-- What you will do --
Determine the number of lines in the data that contain "object". Answer with that number only.

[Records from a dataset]

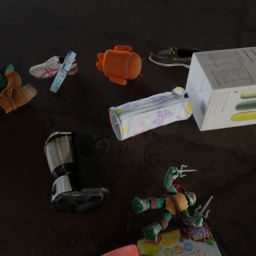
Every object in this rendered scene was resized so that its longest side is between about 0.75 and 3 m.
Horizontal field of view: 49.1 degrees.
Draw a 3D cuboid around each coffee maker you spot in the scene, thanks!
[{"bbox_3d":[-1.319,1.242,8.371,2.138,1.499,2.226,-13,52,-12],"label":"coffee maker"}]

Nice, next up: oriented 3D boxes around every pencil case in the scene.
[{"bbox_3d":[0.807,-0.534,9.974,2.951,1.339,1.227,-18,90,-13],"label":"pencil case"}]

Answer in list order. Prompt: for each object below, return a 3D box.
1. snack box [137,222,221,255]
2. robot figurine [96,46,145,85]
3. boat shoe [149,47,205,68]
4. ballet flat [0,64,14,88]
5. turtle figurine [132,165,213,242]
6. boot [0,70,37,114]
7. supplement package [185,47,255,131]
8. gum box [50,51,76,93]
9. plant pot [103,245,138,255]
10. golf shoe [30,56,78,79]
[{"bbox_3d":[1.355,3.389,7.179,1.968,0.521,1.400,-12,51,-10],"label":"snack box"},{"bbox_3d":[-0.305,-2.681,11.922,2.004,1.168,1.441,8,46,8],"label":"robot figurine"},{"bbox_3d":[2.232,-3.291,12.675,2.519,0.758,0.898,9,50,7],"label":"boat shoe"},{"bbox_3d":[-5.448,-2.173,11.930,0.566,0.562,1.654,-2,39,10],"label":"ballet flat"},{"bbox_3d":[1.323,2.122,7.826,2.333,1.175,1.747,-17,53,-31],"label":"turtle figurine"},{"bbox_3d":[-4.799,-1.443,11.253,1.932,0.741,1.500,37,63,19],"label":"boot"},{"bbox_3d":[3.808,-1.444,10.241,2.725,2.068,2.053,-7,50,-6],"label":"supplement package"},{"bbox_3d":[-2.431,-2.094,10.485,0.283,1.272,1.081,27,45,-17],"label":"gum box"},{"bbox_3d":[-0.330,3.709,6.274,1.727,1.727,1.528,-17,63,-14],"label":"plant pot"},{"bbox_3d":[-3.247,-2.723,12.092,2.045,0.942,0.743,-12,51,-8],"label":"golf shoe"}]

-- The completed task --
2